Problem statement
How many lines in the records below contain the word "probe"? State only that number.

--- Provided records ---

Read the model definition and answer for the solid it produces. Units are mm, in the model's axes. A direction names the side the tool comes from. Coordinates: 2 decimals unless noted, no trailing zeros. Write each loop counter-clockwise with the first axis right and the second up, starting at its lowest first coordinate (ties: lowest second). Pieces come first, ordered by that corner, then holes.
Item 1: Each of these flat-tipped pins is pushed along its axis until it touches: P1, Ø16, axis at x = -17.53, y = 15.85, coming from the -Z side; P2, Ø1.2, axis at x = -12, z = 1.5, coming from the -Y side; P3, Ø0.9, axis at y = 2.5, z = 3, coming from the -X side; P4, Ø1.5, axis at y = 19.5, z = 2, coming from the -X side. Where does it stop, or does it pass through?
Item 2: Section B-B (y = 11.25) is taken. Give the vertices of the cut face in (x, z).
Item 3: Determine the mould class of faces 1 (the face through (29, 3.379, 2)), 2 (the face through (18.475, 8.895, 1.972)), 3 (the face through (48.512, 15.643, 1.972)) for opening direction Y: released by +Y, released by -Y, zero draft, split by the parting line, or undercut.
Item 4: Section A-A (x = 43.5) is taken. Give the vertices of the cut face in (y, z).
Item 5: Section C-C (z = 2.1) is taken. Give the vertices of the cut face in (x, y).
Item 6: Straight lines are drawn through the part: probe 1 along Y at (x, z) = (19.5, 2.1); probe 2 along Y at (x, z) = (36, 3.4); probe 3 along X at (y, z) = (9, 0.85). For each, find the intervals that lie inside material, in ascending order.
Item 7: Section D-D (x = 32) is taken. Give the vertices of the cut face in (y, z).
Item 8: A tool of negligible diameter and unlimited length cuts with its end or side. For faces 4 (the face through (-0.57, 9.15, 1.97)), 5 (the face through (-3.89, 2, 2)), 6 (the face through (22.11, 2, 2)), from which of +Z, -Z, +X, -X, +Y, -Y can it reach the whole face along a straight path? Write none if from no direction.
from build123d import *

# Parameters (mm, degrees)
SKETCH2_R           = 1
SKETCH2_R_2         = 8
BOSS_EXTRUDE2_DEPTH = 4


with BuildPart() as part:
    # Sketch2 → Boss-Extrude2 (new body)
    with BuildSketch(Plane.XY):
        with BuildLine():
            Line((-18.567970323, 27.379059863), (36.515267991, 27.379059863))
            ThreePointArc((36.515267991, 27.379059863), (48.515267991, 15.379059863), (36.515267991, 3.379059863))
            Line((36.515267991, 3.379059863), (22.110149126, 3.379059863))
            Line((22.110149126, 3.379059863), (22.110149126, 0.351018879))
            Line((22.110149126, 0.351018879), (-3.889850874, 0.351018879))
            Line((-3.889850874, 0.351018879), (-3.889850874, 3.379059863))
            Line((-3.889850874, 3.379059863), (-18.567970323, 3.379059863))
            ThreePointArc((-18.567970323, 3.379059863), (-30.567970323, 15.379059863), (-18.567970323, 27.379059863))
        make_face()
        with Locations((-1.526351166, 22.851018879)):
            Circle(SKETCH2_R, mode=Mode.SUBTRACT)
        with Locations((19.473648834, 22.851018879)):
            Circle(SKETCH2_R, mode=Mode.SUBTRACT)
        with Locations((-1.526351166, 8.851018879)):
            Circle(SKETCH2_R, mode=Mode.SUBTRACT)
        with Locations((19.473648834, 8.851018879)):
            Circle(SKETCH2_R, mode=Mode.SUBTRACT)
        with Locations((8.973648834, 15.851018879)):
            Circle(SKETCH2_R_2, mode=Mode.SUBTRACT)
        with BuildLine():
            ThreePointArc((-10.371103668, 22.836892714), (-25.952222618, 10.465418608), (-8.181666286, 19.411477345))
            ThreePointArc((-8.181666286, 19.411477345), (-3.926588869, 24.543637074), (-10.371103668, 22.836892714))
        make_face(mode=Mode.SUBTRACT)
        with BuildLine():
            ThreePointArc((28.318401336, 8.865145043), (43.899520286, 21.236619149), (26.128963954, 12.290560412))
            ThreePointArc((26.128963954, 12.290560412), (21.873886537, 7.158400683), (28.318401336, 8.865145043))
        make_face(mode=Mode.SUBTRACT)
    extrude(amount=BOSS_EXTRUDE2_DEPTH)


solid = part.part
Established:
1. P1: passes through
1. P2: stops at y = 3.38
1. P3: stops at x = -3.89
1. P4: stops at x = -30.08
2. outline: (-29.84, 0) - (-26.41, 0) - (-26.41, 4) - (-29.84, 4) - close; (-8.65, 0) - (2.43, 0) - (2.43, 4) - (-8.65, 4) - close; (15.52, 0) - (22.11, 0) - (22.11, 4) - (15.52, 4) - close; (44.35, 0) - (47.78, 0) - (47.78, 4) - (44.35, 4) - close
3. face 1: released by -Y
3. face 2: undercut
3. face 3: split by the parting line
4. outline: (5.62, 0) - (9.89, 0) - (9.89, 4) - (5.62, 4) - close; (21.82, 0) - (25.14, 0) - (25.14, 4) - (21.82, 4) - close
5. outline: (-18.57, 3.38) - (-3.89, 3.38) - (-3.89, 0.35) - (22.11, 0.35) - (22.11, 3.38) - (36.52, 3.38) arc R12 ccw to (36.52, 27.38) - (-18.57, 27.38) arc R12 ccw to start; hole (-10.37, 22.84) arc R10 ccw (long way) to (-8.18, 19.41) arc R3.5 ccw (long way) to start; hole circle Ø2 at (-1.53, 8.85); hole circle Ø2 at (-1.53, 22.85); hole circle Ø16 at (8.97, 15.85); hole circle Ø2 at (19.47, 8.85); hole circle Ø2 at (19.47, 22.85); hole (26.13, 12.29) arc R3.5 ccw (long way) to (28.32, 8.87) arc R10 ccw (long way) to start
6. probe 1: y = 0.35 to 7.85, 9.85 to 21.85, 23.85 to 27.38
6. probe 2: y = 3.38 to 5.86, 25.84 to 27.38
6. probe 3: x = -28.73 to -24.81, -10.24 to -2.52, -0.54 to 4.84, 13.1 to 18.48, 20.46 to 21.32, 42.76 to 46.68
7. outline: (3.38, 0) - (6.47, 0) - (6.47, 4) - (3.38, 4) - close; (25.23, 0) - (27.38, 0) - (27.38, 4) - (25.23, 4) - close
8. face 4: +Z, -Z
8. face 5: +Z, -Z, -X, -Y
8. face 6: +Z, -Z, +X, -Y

---

Result of the task
4